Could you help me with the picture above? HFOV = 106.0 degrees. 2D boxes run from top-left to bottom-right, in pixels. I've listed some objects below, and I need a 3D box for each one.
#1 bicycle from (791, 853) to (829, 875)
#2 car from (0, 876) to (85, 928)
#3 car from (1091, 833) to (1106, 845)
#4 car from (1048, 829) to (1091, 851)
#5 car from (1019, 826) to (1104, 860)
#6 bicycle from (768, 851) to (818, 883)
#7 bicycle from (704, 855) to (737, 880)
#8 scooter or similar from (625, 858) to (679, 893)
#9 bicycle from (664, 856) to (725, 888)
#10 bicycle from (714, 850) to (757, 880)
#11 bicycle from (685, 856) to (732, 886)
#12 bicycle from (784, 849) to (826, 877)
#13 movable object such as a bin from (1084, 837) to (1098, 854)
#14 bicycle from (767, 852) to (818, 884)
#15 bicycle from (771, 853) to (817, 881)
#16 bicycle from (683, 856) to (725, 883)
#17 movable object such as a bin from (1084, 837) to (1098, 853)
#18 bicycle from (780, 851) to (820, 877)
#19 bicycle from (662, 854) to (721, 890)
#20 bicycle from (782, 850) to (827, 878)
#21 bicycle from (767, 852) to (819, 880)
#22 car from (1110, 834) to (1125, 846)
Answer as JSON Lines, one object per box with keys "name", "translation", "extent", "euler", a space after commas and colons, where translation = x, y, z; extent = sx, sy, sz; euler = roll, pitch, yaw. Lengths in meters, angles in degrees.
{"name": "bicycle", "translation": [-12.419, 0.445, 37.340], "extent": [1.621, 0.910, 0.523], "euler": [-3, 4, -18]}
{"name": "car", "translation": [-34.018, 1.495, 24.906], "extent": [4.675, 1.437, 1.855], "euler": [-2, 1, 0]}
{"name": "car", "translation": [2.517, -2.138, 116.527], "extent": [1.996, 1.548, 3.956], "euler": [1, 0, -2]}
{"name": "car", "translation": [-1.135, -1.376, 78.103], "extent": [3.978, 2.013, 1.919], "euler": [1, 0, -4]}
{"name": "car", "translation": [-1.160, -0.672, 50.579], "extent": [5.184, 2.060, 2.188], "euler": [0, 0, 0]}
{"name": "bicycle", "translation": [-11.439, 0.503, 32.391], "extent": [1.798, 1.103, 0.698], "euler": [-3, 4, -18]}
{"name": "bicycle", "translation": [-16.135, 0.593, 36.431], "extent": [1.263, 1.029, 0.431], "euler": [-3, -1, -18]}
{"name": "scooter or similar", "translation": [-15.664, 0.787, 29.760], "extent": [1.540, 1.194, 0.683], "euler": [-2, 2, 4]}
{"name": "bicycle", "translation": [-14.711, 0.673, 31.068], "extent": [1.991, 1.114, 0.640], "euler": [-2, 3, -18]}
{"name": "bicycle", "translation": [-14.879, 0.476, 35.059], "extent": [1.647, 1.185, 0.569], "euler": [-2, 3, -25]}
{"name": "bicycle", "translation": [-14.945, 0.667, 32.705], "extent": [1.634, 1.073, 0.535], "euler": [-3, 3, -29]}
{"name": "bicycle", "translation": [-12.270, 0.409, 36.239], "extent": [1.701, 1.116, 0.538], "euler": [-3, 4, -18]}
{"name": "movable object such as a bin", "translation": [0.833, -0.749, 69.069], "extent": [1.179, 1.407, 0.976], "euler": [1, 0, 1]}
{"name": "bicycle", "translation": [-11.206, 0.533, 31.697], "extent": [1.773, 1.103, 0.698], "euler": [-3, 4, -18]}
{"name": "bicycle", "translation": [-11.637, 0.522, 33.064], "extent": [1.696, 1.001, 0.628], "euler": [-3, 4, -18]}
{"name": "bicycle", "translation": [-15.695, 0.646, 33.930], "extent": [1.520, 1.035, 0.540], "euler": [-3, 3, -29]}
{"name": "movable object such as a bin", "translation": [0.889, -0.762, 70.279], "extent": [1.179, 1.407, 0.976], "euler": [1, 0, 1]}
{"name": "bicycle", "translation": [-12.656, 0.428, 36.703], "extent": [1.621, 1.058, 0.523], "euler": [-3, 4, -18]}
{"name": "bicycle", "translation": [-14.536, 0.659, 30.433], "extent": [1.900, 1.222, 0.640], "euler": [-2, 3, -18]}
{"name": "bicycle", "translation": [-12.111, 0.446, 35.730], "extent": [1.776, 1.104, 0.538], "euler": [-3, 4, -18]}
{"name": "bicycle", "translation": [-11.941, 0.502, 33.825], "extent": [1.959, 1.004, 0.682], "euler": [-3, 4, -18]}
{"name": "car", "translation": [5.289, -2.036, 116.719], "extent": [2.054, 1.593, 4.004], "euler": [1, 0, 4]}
○ ○ ○ ○ ○ ○ ○
Brief
Repeat every line of the data word for word until you have repeated the line that contains "#5 car from (1019, 826) to (1104, 860)", which is the last one to include.

Answer below
Could you help me with the picture above? HFOV = 106.0 degrees. 2D boxes run from top-left to bottom-right, in pixels. I've listed some objects below, and I need a 3D box for each one.
#1 bicycle from (791, 853) to (829, 875)
#2 car from (0, 876) to (85, 928)
#3 car from (1091, 833) to (1106, 845)
#4 car from (1048, 829) to (1091, 851)
#5 car from (1019, 826) to (1104, 860)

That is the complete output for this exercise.